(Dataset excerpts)
⁂

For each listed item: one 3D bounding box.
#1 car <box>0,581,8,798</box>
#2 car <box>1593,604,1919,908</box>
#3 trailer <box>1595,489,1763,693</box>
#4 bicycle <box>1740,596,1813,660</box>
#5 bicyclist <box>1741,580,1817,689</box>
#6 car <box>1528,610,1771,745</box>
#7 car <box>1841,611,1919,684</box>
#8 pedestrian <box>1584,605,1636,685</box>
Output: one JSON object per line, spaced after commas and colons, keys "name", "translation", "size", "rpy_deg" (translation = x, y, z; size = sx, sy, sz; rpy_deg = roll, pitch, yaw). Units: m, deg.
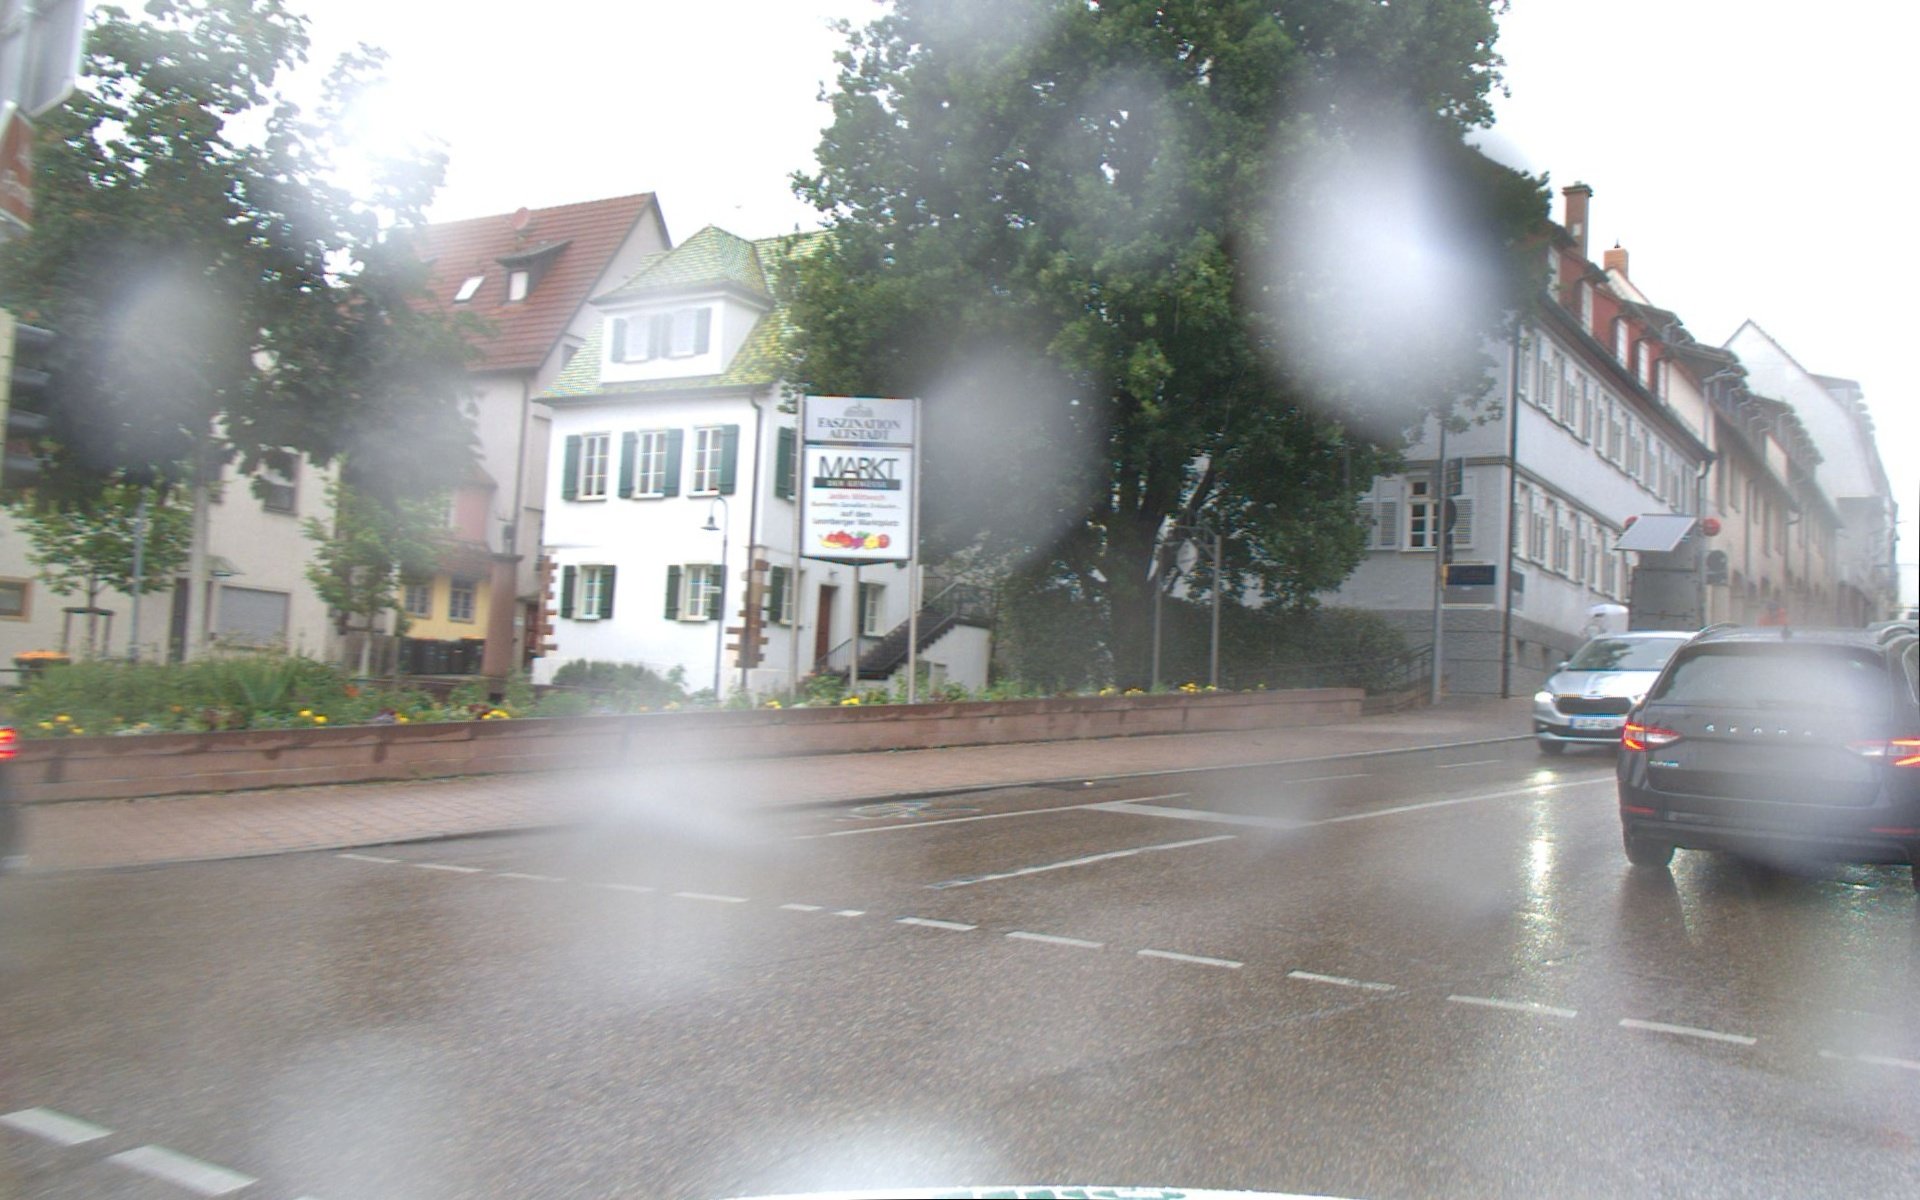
{"name": "car", "translation": [-6.271, 0.628, 6.193], "size": [4.375, 1.565, 1.970], "rpy_deg": [2, -1, -42]}
{"name": "car", "translation": [5.552, 0.788, 10.434], "size": [1.855, 1.473, 4.340], "rpy_deg": [1, 1, 36]}
{"name": "trailer", "translation": [13.879, -0.087, 31.776], "size": [1.960, 3.596, 4.557], "rpy_deg": [1, -2, 36]}
{"name": "bicycle", "translation": [15.749, 0.555, 31.880], "size": [0.736, 1.183, 2.144], "rpy_deg": [-1, -3, 41]}
{"name": "bicyclist", "translation": [15.806, 0.655, 31.922], "size": [1.120, 2.049, 0.874], "rpy_deg": [0, -1, 42]}
{"name": "car", "translation": [8.492, 0.929, 20.204], "size": [1.637, 1.452, 3.850], "rpy_deg": [1, -1, 40]}
{"name": "car", "translation": [23.483, 1.172, 41.347], "size": [1.843, 1.691, 4.289], "rpy_deg": [-4, -3, 37]}
{"name": "pedestrian", "translation": [13.240, 0.905, 33.675], "size": [0.696, 1.556, 1.040], "rpy_deg": [2, 1, 38]}

⁂

◆ What to do ◆
Whatever the records hold apart from pictures should be repeated exactly.

◆ Solution ◆
For each listed item: one 3D bounding box.
#1 car <box>0,581,8,798</box>
#2 car <box>1593,604,1919,908</box>
#3 trailer <box>1595,489,1763,693</box>
#4 bicycle <box>1740,596,1813,660</box>
#5 bicyclist <box>1741,580,1817,689</box>
#6 car <box>1528,610,1771,745</box>
#7 car <box>1841,611,1919,684</box>
#8 pedestrian <box>1584,605,1636,685</box>
Output: one JSON object per line, spaced after commas and colons, keys "name", "translation", "size", "rpy_deg" (translation = x, y, z; size = sx, sy, sz; rpy_deg = roll, pitch, yaw). Units: m, deg.
{"name": "car", "translation": [-6.271, 0.628, 6.193], "size": [4.375, 1.565, 1.970], "rpy_deg": [2, -1, -42]}
{"name": "car", "translation": [5.552, 0.788, 10.434], "size": [1.855, 1.473, 4.340], "rpy_deg": [1, 1, 36]}
{"name": "trailer", "translation": [13.879, -0.087, 31.776], "size": [1.960, 3.596, 4.557], "rpy_deg": [1, -2, 36]}
{"name": "bicycle", "translation": [15.749, 0.555, 31.880], "size": [0.736, 1.183, 2.144], "rpy_deg": [-1, -3, 41]}
{"name": "bicyclist", "translation": [15.806, 0.655, 31.922], "size": [1.120, 2.049, 0.874], "rpy_deg": [0, -1, 42]}
{"name": "car", "translation": [8.492, 0.929, 20.204], "size": [1.637, 1.452, 3.850], "rpy_deg": [1, -1, 40]}
{"name": "car", "translation": [23.483, 1.172, 41.347], "size": [1.843, 1.691, 4.289], "rpy_deg": [-4, -3, 37]}
{"name": "pedestrian", "translation": [13.240, 0.905, 33.675], "size": [0.696, 1.556, 1.040], "rpy_deg": [2, 1, 38]}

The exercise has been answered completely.